Where a non-UK entity that has failed to provide beneficial owner information buys UK real estate, the beneficial interest in the property will pass to the non-UK entity but not the legal title. If non-UK entities that already own UK real estate fail to comply, it appears likely that their ability to complete a sale will be diminished.
Additionally, and in what will be a major upheaval for them, British Overseas Territories (BOTs) will also have to create public beneficial ownership registers for companies registered in their jurisdiction by 31 December 2020, as part of the UK government’s Anti-Money Laundering (AML) drive. The most relevant BOTs for the registers include Bermuda, the British Virgin Islands (BVI), the Cayman Islands and Turks & Caicos.
The move has been met with dismay by the governments of those territories as an unwarranted interference in their affairs.
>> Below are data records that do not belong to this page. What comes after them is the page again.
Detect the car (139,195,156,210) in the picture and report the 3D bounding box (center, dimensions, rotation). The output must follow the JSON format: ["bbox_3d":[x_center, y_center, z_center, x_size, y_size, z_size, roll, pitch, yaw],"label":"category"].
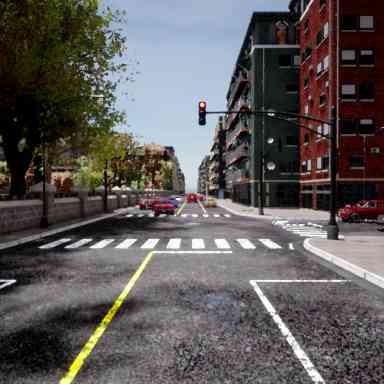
[{"bbox_3d":[-5.656,1.324,43.896,2.192,1.841,5.009,0,0,0],"label":"car"}]

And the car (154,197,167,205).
[{"bbox_3d":[-5.642,1.566,60.502,1.887,1.381,4.507,0,0,0],"label":"car"}]

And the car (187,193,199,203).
[{"bbox_3d":[0.060,1.250,69.238,2.150,2.045,5.566,0,0,0],"label":"car"}]

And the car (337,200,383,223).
[{"bbox_3d":[14.639,1.591,27.306,5.009,1.841,2.192,1,-1,0],"label":"car"}]

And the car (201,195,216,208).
[{"bbox_3d":[2.730,1.538,49.595,1.752,1.417,4.829,0,0,0],"label":"car"}]

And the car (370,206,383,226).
[{"bbox_3d":[14.826,1.850,21.414,5.357,1.411,2.033,1,0,-2],"label":"car"}]

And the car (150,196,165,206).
[{"bbox_3d":[-5.647,1.457,54.966,1.967,1.590,4.097,0,0,0],"label":"car"}]

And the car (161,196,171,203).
[{"bbox_3d":[-5.632,1.613,71.571,1.802,1.307,4.206,0,0,0],"label":"car"}]

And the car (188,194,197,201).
[{"bbox_3d":[0.068,1.306,79.598,2.097,1.767,4.553,0,0,0],"label":"car"}]

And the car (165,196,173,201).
[{"bbox_3d":[-5.623,1.623,82.642,1.802,1.307,4.206,0,0,0],"label":"car"}]

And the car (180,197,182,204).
[{"bbox_3d":[-2.967,1.552,66.906,1.812,1.442,4.674,0,0,1],"label":"car"}]

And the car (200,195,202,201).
[{"bbox_3d":[2.734,1.562,54.960,1.887,1.381,4.507,0,0,0],"label":"car"}]

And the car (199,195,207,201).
[{"bbox_3d":[2.757,1.586,82.636,1.887,1.381,4.507,0,0,0],"label":"car"}]

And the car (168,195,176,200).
[{"bbox_3d":[-5.614,1.579,93.542,1.752,1.417,4.829,0,0,0],"label":"car"}]

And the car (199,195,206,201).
[{"bbox_3d":[2.761,1.592,88.171,1.887,1.381,4.507,0,0,0],"label":"car"}]

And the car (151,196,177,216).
[{"bbox_3d":[-2.762,1.481,32.539,1.882,1.535,5.008,0,0,-5],"label":"car"}]

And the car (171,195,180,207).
[{"bbox_3d":[-3.053,1.538,48.231,1.812,1.442,4.674,0,0,0],"label":"car"}]
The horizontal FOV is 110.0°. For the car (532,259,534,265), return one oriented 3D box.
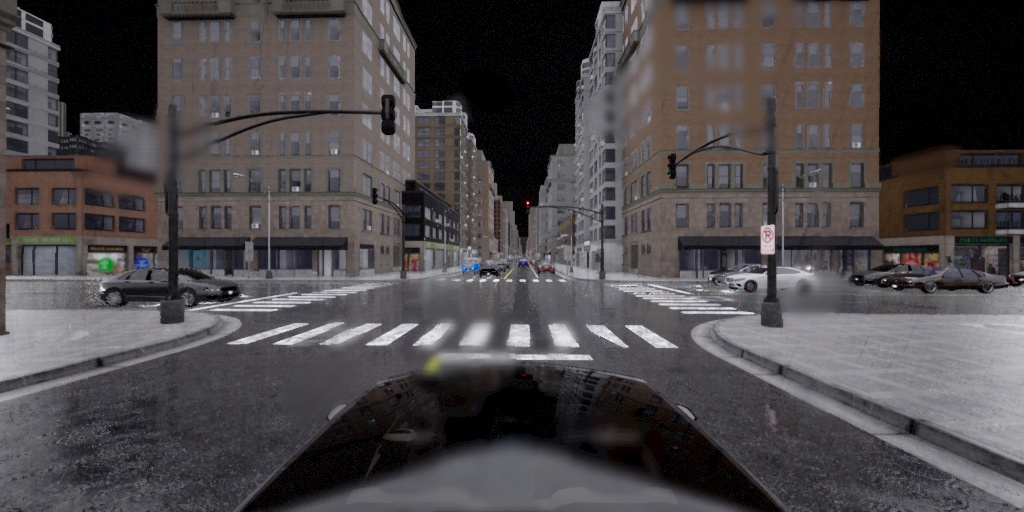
[{"bbox_3d":[4.002,1.340,46.369,1.948,1.339,4.313,0,0,2],"label":"car"}]

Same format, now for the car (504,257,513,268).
[{"bbox_3d":[-1.413,1.136,56.634,2.097,1.767,4.553,0,0,2],"label":"car"}]

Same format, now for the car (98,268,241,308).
[{"bbox_3d":[-13.853,1.241,14.644,4.892,1.490,1.837,0,0,2],"label":"car"}]

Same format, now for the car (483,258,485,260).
[{"bbox_3d":[-4.520,1.089,46.652,2.192,1.841,5.009,0,0,2],"label":"car"}]

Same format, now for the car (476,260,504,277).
[{"bbox_3d":[-2.142,1.364,35.814,1.895,1.301,4.718,0,0,2],"label":"car"}]

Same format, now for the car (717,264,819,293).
[{"bbox_3d":[14.769,1.290,20.531,4.674,1.442,1.812,0,0,3],"label":"car"}]

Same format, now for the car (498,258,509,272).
[{"bbox_3d":[-1.785,1.337,45.831,1.994,1.385,4.181,0,0,3],"label":"car"}]

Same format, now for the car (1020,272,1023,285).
[{"bbox_3d":[35.046,1.359,23.196,4.181,1.385,1.994,0,0,2],"label":"car"}]

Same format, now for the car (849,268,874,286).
[{"bbox_3d":[25.063,1.283,23.490,4.892,1.490,1.837,0,0,2],"label":"car"}]

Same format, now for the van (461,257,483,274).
[{"bbox_3d":[-4.707,1.109,41.132,1.690,1.789,3.998,0,0,2],"label":"van"}]

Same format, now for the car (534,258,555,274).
[{"bbox_3d":[3.814,1.208,40.847,1.967,1.591,4.097,0,0,2],"label":"car"}]

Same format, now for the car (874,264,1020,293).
[{"bbox_3d":[24.356,1.325,20.258,5.357,1.411,2.033,0,0,2],"label":"car"}]

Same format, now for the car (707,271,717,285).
[{"bbox_3d":[15.646,1.256,23.758,4.902,1.511,2.128,0,0,2],"label":"car"}]
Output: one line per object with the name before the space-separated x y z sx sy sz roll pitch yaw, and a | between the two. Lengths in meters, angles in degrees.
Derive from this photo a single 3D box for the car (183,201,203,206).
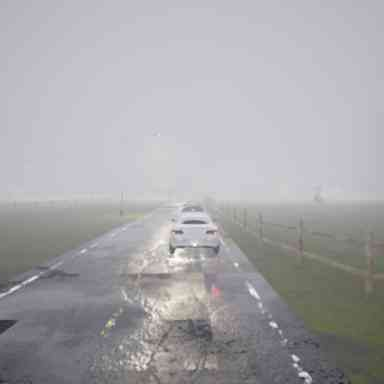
car | 0.099 1.550 31.570 1.994 1.385 4.181 0 0 0

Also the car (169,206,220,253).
car | 0.085 1.521 13.583 1.812 1.442 4.674 0 0 0
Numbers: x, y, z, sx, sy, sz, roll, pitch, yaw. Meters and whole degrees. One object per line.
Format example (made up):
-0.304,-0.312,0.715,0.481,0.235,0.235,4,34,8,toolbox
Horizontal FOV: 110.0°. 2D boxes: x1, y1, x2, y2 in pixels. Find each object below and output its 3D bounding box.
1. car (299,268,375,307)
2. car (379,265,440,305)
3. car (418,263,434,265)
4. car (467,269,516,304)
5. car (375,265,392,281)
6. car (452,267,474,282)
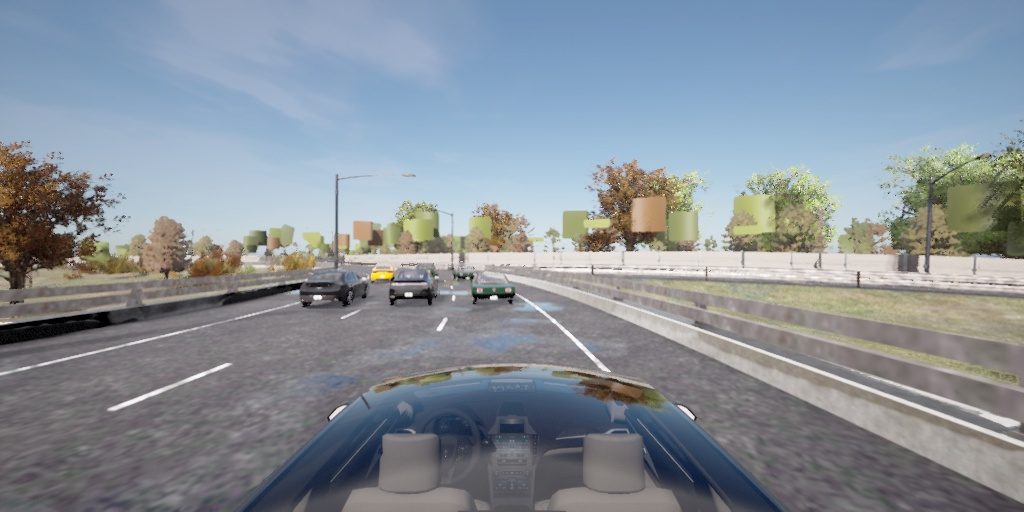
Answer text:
-8.036,1.401,16.589,1.837,1.490,4.892,0,0,-8,car
-4.566,1.389,17.050,2.128,1.511,4.902,0,0,-8,car
-7.787,1.391,32.232,2.097,1.767,4.553,0,-1,-16,car
-1.066,1.499,17.334,1.895,1.301,4.718,0,-1,-8,car
-11.270,1.515,31.645,1.882,1.535,5.008,0,0,-17,car
-4.426,1.650,33.216,1.895,1.301,4.718,0,-1,-16,car

However, a similar provision that was initially proposed for Crown Dependencies – the Channel Islands and the Isle of Man – was withdrawn because it was felt that agreement would be reached.
While it is likely that the Crown Dependencies will be pushed to comply with the provisions of the Fifth Anti-Money Laundering Directive, which will require public beneficial ownership registers to be introduced throughout the EU by December 2019, the Crown Dependencies are within the EU’s Customs Union and therefore the Single Market for trade in goods, but are not part of the EU in all other respects and so are not obliged to implement the 5th AMLD, regardless of Brexit.
Time will now tell whether the Crown Dependencies will adopt such registers, although the early indications are that they will prefer not to.
It is worth noting that pressure group Global Witness has discovered many flaws in the data already held on the UK’s Persons of Significant Control (PSC) register at the UK’s Companies House. But the reality appears to be that the registrar of company information in the UK has such limited resources as not to be able to weed out the information from criminals or other parties that simply do not intend to comply. Finding a way through an often-complex maze of companies, trusts, partnerships and overseas entities will be challenging to say the least, even if the authorities boost their capabilities.
Moreover, the BOTs are also fighting back against the tide of transparency, arguing that the directives from the UK are likely to destroy their business models and impact their economies. In early June this year, the BVI government-appointed law firm Withers to prepare its legal challenge to the UK.
BVI Premier Orlando Smith has been quoted in the press as saying the legislation raises serious constitutional and human rights issues and insists the BVI will not introduce public registers until they become a global standard. BVI has also retained two leading QCs to fight their cause, including an eminent Professor of Law at Oxford University.
In a letter published in The Economist magazine in early June, Premier Smith said the Act is 'unsatisfactory, ill-founded, unnecessary and based on ill-informed opinion', adding that the public register ‘flies in the face of privacy rights and the principles relating to personal data protection'. His challenge appears to be partly founded on fundamental constitutional questions on whether the BOTs have exclusive competence in respect of such matters.
The argument appears to be that BVI will adopt what are common global standards but that this imposition is a disproportionate measure and blatantly knocks the BOTs that act as International Financial Centres (IFCs) off what is currently a more level playing field.
Smith's position was to some extent bolstered in a letter also published in the Economist by Geoff Cook, the head of Jersey Finance. In the letter, he expressed concerns that this whole initiative was 'the brainchild of a group of unelected NGOs and lobbyists', and highlighted considerable concerns about privacy, including cyber-risk, identity theft and misuse of data. He also raised concerns that legitimate individuals residing in unstable countries may be exposed to criminals or even to corrupt government officials there.